Activity :: Emit an exact copy of the lines running from the start of the records to the line containing "Answer: No What", both included.
+++
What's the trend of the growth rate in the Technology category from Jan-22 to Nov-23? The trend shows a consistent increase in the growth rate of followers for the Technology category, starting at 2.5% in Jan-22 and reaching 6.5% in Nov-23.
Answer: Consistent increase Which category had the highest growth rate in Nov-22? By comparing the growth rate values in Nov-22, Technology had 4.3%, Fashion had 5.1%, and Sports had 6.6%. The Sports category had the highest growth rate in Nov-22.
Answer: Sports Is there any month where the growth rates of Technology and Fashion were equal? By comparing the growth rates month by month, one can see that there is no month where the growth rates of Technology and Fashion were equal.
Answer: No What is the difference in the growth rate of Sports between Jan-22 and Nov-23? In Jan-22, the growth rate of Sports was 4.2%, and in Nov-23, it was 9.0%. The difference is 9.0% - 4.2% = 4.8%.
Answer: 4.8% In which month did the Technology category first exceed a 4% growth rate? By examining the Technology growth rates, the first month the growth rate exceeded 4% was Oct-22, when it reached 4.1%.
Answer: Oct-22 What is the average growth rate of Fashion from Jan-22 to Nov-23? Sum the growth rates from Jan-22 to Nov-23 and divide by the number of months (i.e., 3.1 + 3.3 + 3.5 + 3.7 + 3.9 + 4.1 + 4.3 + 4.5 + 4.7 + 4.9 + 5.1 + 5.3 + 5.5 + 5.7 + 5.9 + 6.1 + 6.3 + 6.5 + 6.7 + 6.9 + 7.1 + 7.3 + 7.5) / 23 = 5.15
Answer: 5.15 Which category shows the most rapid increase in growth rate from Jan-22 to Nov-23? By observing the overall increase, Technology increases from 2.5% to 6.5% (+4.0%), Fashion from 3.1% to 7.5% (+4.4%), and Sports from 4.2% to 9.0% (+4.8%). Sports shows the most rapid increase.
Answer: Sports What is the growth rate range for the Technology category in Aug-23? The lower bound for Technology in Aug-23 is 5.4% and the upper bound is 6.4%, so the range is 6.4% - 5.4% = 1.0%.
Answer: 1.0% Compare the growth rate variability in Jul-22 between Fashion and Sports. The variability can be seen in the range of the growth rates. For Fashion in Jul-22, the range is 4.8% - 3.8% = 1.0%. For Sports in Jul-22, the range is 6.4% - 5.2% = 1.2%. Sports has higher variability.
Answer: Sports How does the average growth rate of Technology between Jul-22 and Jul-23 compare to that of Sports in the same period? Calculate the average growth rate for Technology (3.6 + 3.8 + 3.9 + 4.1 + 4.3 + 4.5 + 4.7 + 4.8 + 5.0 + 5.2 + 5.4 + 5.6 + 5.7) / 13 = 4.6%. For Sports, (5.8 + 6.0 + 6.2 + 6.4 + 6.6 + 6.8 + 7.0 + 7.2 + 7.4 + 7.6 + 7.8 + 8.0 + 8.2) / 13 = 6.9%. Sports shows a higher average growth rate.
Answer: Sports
+++
Response to the task ::
What's the trend of the growth rate in the Technology category from Jan-22 to Nov-23? The trend shows a consistent increase in the growth rate of followers for the Technology category, starting at 2.5% in Jan-22 and reaching 6.5% in Nov-23.
Answer: Consistent increase Which category had the highest growth rate in Nov-22? By comparing the growth rate values in Nov-22, Technology had 4.3%, Fashion had 5.1%, and Sports had 6.6%. The Sports category had the highest growth rate in Nov-22.
Answer: Sports Is there any month where the growth rates of Technology and Fashion were equal? By comparing the growth rates month by month, one can see that there is no month where the growth rates of Technology and Fashion were equal.
Answer: No What is the difference in the growth rate of Sports between Jan-22 and Nov-23? In Jan-22, the growth rate of Sports was 4.2%, and in Nov-23, it was 9.0%. The difference is 9.0% - 4.2% = 4.8%.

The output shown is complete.